Problem to solve
Only the pictures stay out; every record is to be quoted exactly.

[Data items]
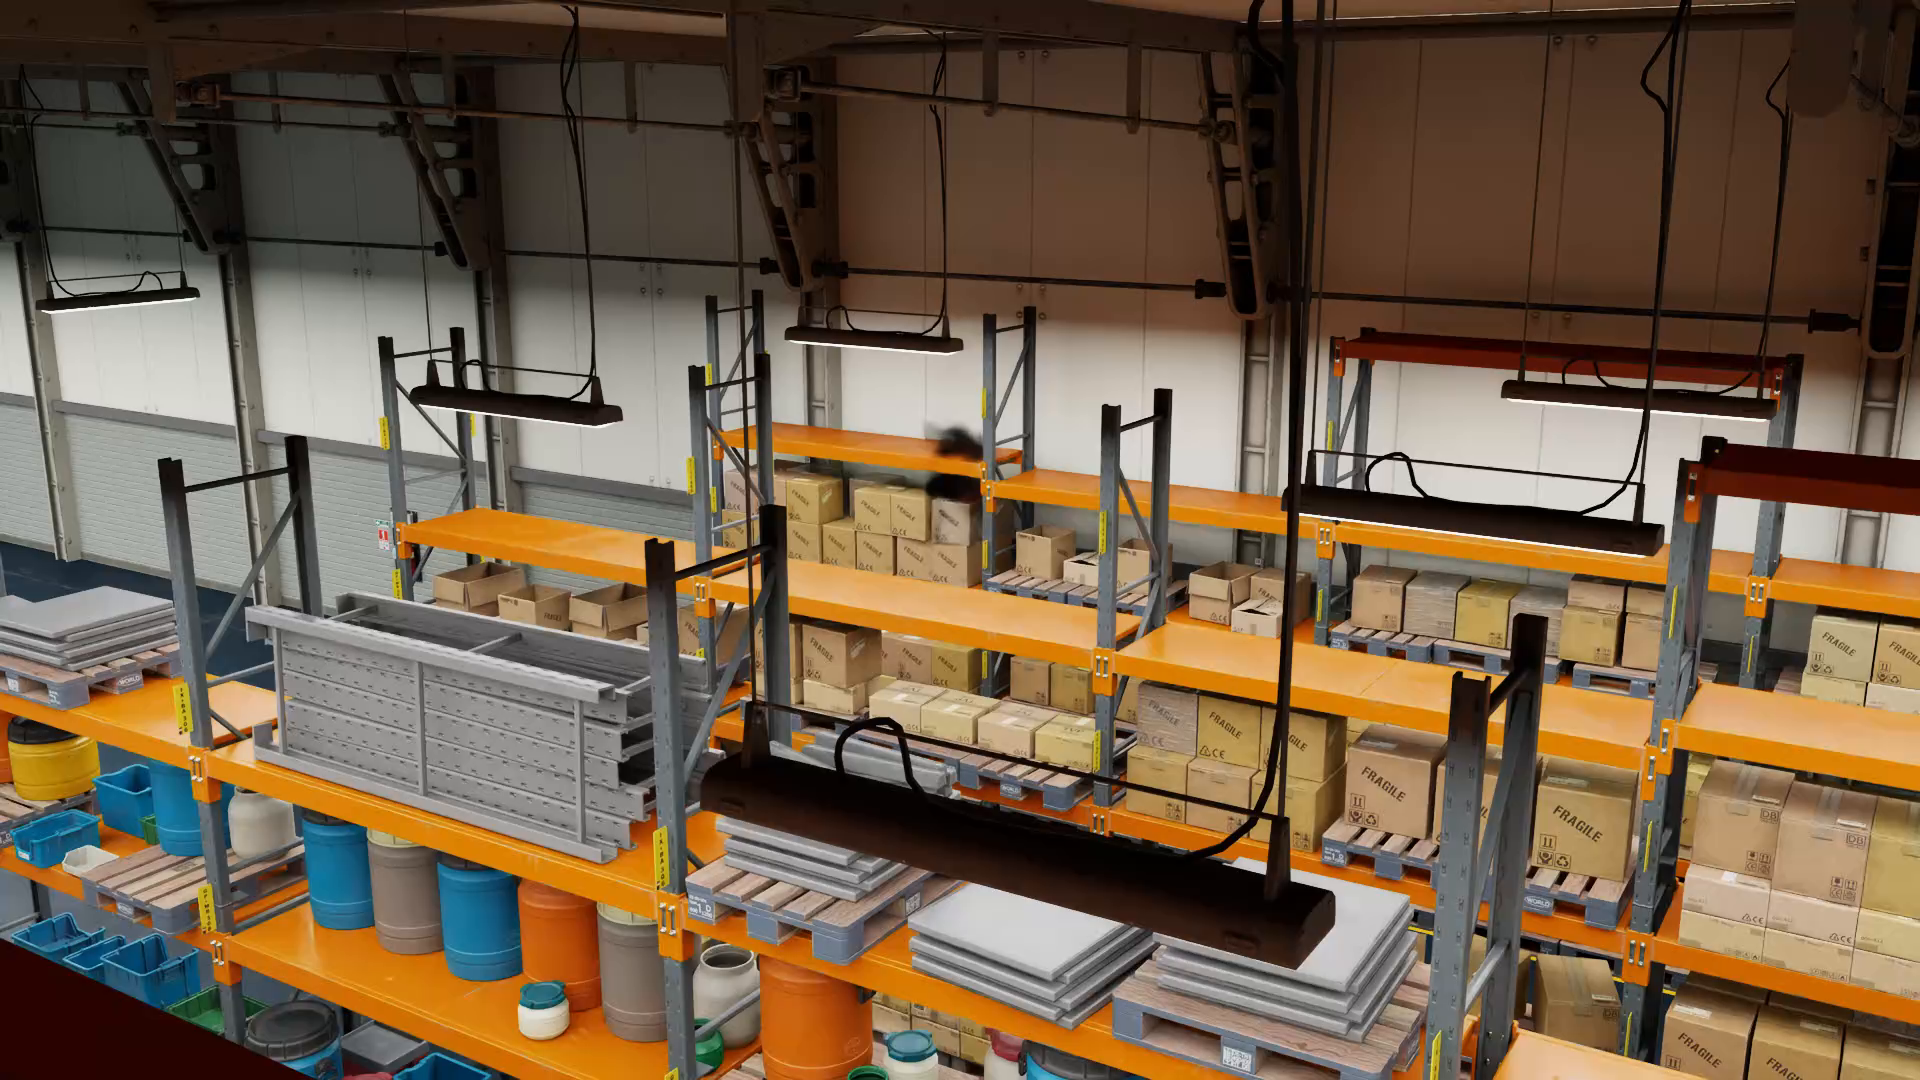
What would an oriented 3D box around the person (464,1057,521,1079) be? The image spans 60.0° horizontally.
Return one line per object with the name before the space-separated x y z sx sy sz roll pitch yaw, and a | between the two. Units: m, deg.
person | -3.693 4.027 13.275 0.792 1.731 0.735 10 17 36
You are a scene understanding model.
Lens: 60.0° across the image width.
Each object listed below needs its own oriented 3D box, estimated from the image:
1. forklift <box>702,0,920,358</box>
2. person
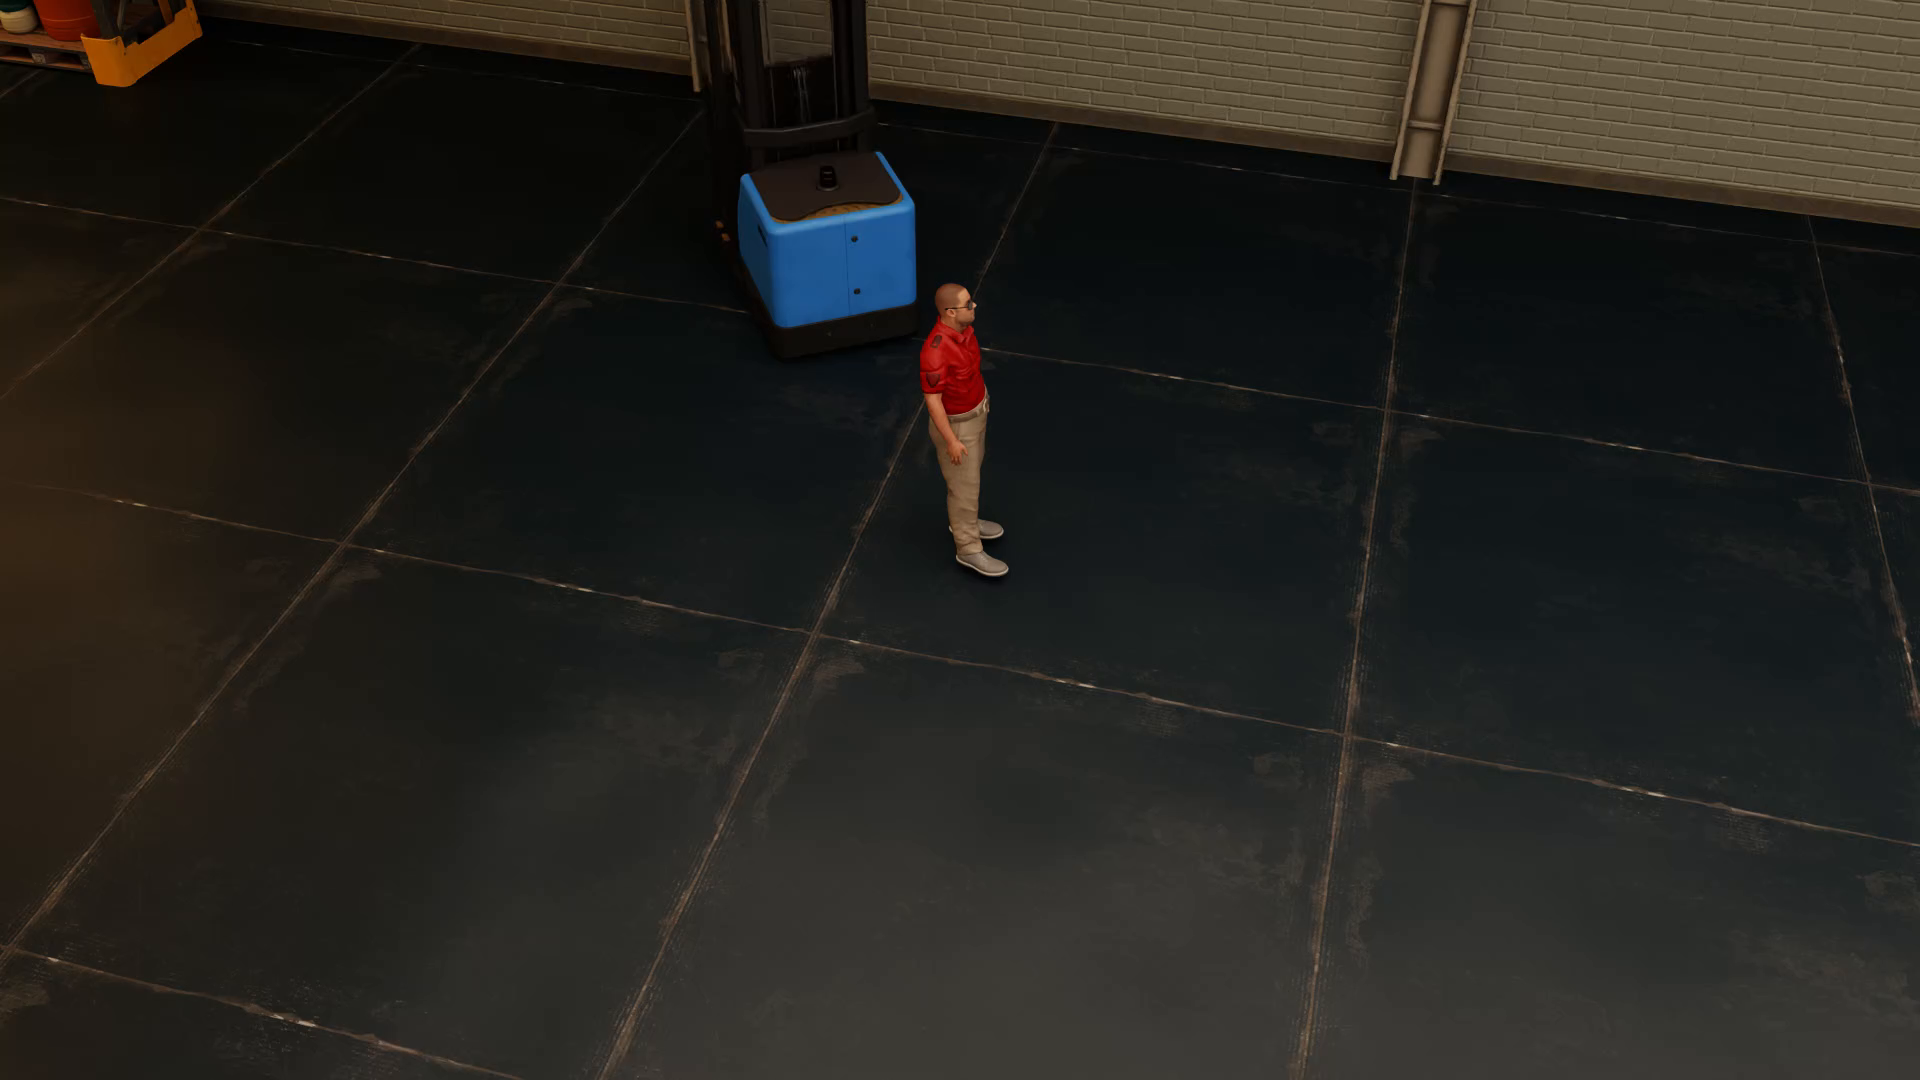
[{"bbox_3d":[-1.253,-3.333,11.663,1.130,2.935,3.031,-13,43,-15],"label":"forklift"},{"bbox_3d":[0.084,-0.664,9.457,0.550,1.727,0.641,10,42,11],"label":"person"}]

Expected answer
What would an oriented 3D box around the person (464,1057,521,1079) be? The image spans 60.0° horizontally.
Return one line per object with the name before the space-separated x y z sx sy sz roll pitch yaw, and a | between the two. Units: m, deg.
person | -3.693 4.027 13.275 0.792 1.731 0.735 10 17 36
You are a scene understanding model.
Lens: 60.0° across the image width.
Each object listed below needs its own oriented 3D box, estimated from the image:
1. forklift <box>702,0,920,358</box>
2. person
[{"bbox_3d":[-1.253,-3.333,11.663,1.130,2.935,3.031,-13,43,-15],"label":"forklift"},{"bbox_3d":[0.084,-0.664,9.457,0.550,1.727,0.641,10,42,11],"label":"person"}]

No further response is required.